(edited by) Hava Aldouby – Shifting Interfaces, An Anthology of Presence, Empathy, and Agency in 21st-Century Media Arts

edited-by-hava-aldouby-shifting-interfaces-an-anthology-of-presence-empathy-and-agency-in-21st-century-media-arts-ok

Leuven University Press, ISBN-13: 978-9462702257, English, 332 pages, 2020, Belgium

If we can relate every medium to our senses, then we might also claim that media art is, more often than not, about our own subjectivity and our own bodies. Shifting Interfaces is an anthology of texts divided into three sections, each focusing on three different fields that affect our self-awareness. The first section features essays on the perception of our own presence and body, exploring the ephemeral dimensions of simulation (VR, telepresence, avatars), these spaces where intersubjectivity can manifest itself across different protocols.
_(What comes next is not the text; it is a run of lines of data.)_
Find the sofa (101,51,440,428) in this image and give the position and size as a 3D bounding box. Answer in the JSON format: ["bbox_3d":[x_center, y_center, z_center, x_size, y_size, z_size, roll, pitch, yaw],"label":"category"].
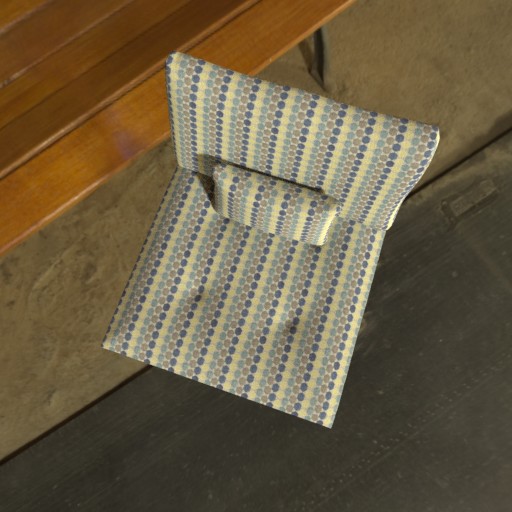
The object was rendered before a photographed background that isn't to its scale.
[{"bbox_3d":[0.000,0.000,1.660,0.930,0.830,1.000,18,75,5],"label":"sofa"}]
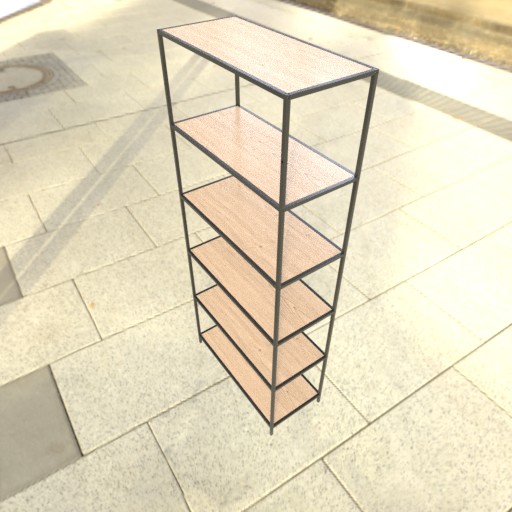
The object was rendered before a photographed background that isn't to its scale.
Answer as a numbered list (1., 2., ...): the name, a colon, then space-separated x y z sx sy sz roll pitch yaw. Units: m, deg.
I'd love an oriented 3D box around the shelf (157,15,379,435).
1. shelf: 0.000 0.000 2.084 0.350 1.850 0.770 -25 47 -26
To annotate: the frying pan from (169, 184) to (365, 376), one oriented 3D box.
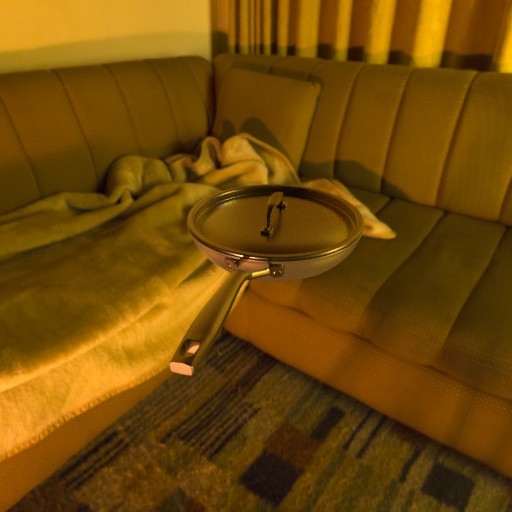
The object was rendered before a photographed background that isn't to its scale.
[{"bbox_3d":[0.000,0.000,0.603,0.272,0.086,0.490,8,31,14],"label":"frying pan"}]
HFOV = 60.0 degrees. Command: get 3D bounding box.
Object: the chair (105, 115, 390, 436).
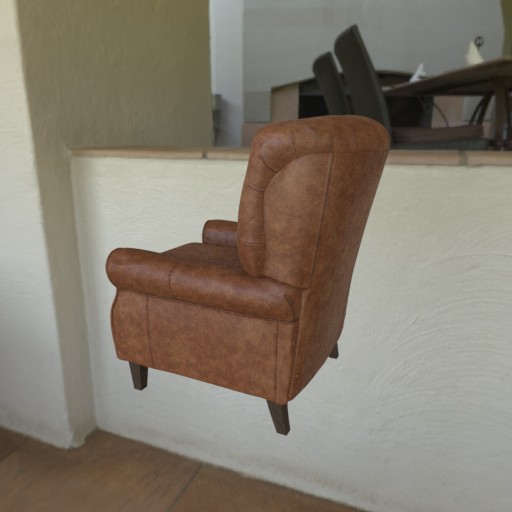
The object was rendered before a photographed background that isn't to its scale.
[{"bbox_3d":[0.000,0.000,1.946,1.059,1.164,0.951,7,17,25],"label":"chair"}]
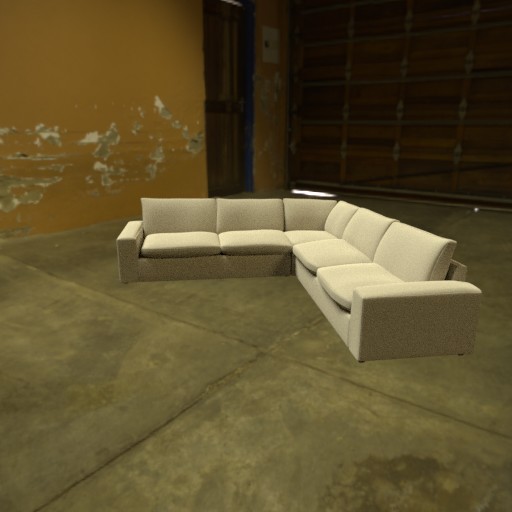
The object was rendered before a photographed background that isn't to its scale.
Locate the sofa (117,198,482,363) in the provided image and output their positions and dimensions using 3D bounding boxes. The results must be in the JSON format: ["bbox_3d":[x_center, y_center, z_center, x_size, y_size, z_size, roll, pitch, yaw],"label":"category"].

The second section critiques our lack of agency in embracing industrial and voracious big data platforms, discussing collective counter-strategies, including artworks that attack the outcomes of digital surveillance. In the third section, several examples of non-human agents are explored, including biomedia art (with Jens Hauser discussing bacteria, for example), through to technologies that question human supremacy, or those that enhance human nature through previously impossible perspectives (drones). The selection of essays looks for “new forms of connectivity”, Aldouby argues. All contributions are academically and artistically on the cutting edge, and, displaying a critical awareness of various aspects of presence, empathy and agency, they provide the reader with a consistent, multifaceted overview.